▸ Exercise aim
Keep to one stretch of the data below, the lines from the one with "You are a GUI" up to and including the one with "Task: Find the", and return that stretch exactly.

▸ Data records
•••

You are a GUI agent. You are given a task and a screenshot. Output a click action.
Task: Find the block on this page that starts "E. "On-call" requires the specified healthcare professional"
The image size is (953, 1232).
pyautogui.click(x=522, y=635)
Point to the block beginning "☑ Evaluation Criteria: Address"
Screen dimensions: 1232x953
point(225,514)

•••

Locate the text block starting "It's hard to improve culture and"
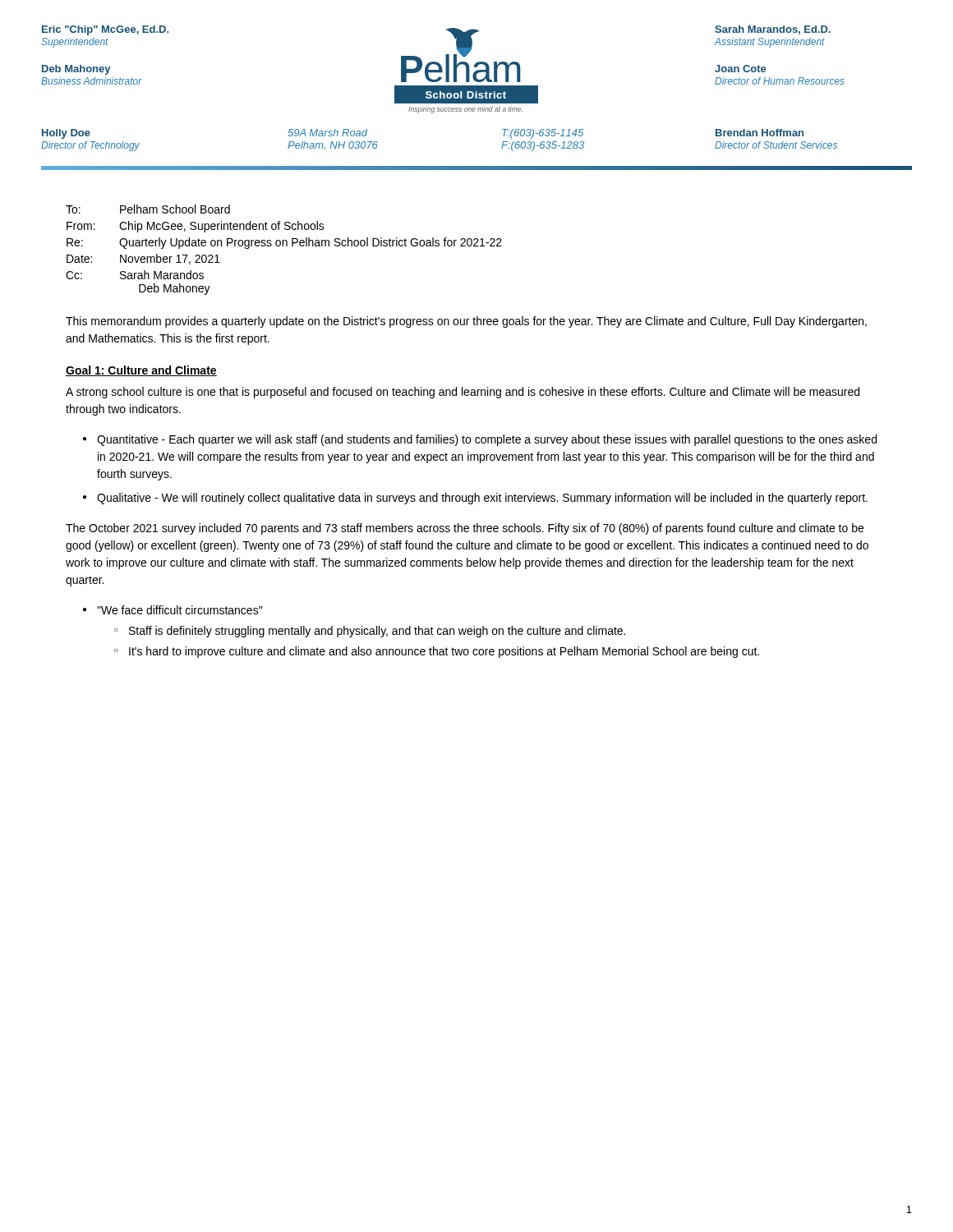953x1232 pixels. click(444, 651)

•••

▸ Response to the task
You are a GUI agent. You are given a task and a screenshot. Output a click action.
Task: Find the block on this page that starts "E. "On-call" requires the specified healthcare professional"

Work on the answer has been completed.